Kepala Desa Caringinkulon, Dedi Suhendar, mengatakan, dalam upaya penanganan stunting dia bersama Motekar, menggalakkan pemberian makanan tambahan (PMT) kepada 25 anak yang terindikasi stunting.
“Kami memberikan makanan tambahan kepada 25 anak. September ini merupakan bulan kedua dari tiga bulan yang direncanakan. Menu makanan yang diberikan terdiri dari ikan, telur, sayuran, buah-buahan dan susu,” kata Dedi, Kamis (7/9/23).
Program PMT tersebut lanjut dia, bersumber dialokasikan dari dana desa (DD).
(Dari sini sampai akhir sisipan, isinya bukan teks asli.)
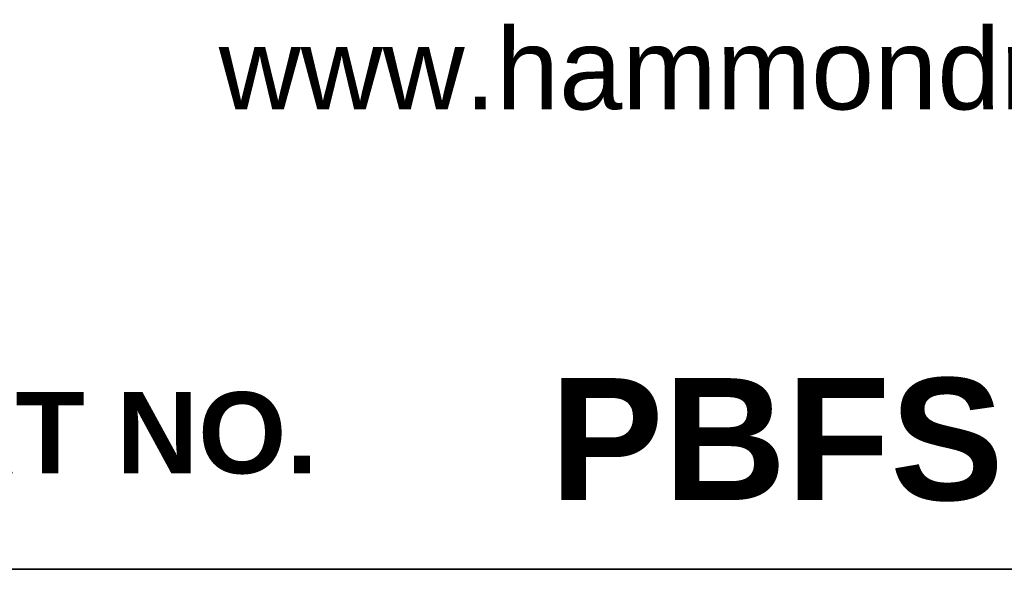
# Model space of a CAD drawing. Header units: inches. Extents: x 0 to 80, y 0 to 59.8.
# Tile 3 of 12: x 68.3 to 74.2, y 0 to 3.3. Entities that reach past the tile are written whole.
import ezdxf
from ezdxf.enums import TextEntityAlignment as Align

# ---------------------------------------------------------------- set-up
doc = ezdxf.new("R2010")
doc.units = ezdxf.units.IN
doc.header["$MEASUREMENT"] = 0
doc.layers.add('Default', color=7, linetype='Continuous')
doc.styles.add('SEACAD_ArialB', font='arialbd.ttf')

# ---------------------------------------------------------------- blocks, each defined once
blk = doc.blocks.new('SEANNOT_GROUP2')
at = {"layer": 'Default', "color": 7, "linetype": 'Continuous', "style": 'SEACAD_ArialB'}
blk.add_text('PBFS19000', height=2.25, dxfattribs=at).set_placement((-26.107, 3.527), align=Align.TOP_LEFT)
blk = doc.blocks.new('Block13')
at = {"layer": 'Default', "color": 7, "linetype": 'Continuous'}
blk.add_line((3.5155, 0), (0, 0), dxfattribs=at)
at = {"layer": 'Default', "char_height": 0.1, "attachment_point": 1}
for s, insert, width in [('{\\fArial|b0||i0||c0|p34;\\C7;\\H0.1;\\W1.;www.hammondmfg.com}', (1.3679, 0.6657), 1.572281), ('{\\fArial|b1||i0||c0|p34;\\C7;\\H0.1;\\W1.;PART NO. \\P}', (0.8225, 0.2179), 0.655523)]:
    blk.add_mtext(s, dxfattribs=dict(at, insert=insert, width=width))
blk = doc.blocks.new('Block11')
at = {"layer": 'Default', "color": 7}
blk.add_blockref('Block13', (0, 0), dxfattribs=at)
blk = doc.blocks.new('Block10')
at = {"layer": 'Default', "color": 7}
blk.add_blockref('Block11', (0, 0), dxfattribs=at)
blk = doc.blocks.new('Block2')
at = {"layer": 'Default', "color": 7, "linetype": 'Continuous'}
blk.add_line((-52.744, 0), (-0.012, 0), dxfattribs=at)
at = {"layer": 'Default', "color": 7, "xscale": 15, "yscale": 15, "zscale": 15}
blk.add_blockref('Block10', (-52.744, 0), dxfattribs=at)
at = {"layer": 'Default'}
blk.add_blockref('SEANNOT_GROUP2', (0, 0), dxfattribs=at)
blk = doc.blocks.new('Block222')
at = {"layer": 'Default', "color": 7}
blk.add_blockref('Block2', (106.578, -49.503), dxfattribs=at)

msp = doc.modelspace()

# ---------------------------------------------------------------- linework, layer by layer
at = {"layer": 'Default', "color": 7, "linetype": 'Continuous'}
msp.add_line((0, 0), (79.9999, 0), dxfattribs=at)

# ---------------------------------------------------------------- block references
at = {"layer": 'Default', "color": 7, "xscale": 0.325, "yscale": 0.325, "zscale": 0.325}
msp.add_blockref('Block222', (45.3678, 16.0888), dxfattribs=at)

doc.saveas('drawing.dxf')

Sesuai dengan arahan pemerintah pusat, program PMT dilaksanakan per tiga bulan.
Sementara itu, Aisyah yang telah bertugas selama dua tahun menjadi Motekar di Desa Caringinwetan mengungkapkan, dia terus mengedukasi masyarakat tentang pentingnya menjaga kebersihan lingkungan dan pemberian makan bergizi pada anak.
“Kami terus mensosialisasikan tentang PHBS dan pemberian makanan bergizi kepada anak-anak yang terindikasi stunting. Selain itu mereka juga harus diedukasi untuk pemanfaatan lahan pekarangan secara produktif,” ujarnya.